As with some of my previous books, several fine people donated (in some cases, staggering) amounts of money to various charity auctions to have their names used as characters in the book. I'd like to publicly thank Fred Quilter for paying for his grandsons Tate and Braedan Quilter-Phipps to appear, via his donation to the Save Foundation (NSW), a charity dedicated to rhino conservation; and Sue Chipchase and Bev Poor for their contributions to Painted Dog Conservation INC for the respective inclusions of Victoria Reagan and Nicholas Duncan.
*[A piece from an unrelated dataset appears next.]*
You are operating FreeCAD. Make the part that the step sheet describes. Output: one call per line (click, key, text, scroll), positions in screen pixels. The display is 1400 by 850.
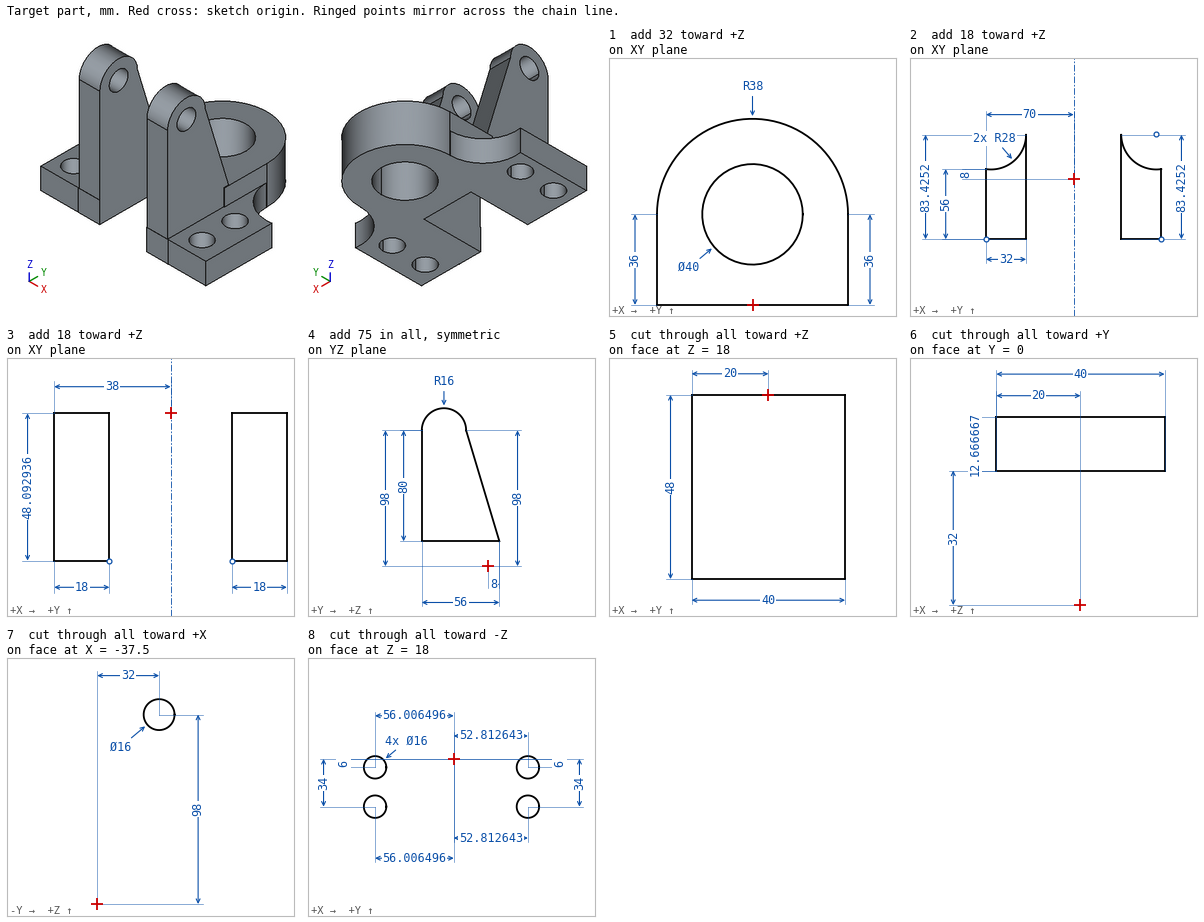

Farina Khan's character was named in recognition of her support for The Grey Man, an NGO which rescues child prostitutes in South East Asia.
Thanks, as always, to my wonderful unpaid editors, my wife, Nicola, mother, Kathy, and mother-in-law, Sheila. I couldn't be doing any of this without you three.
My friends at Macmillan allow me to live a dream life and I hope no one ever pinches me and wakes me up from it. Thanks to Publishing Director Cate Paterson, Publisher James Fraser, Commissioning Editor Alex Nahlous, Senior Editor Emma Rafferty, Copy Editor Julia Stiles, and Publicist Louise Cornegé. Thanks, too, to my agent Isobel Dixon for her fantastic work in getting me known further afield.
And last, but not least, if you've made it this far, thank you.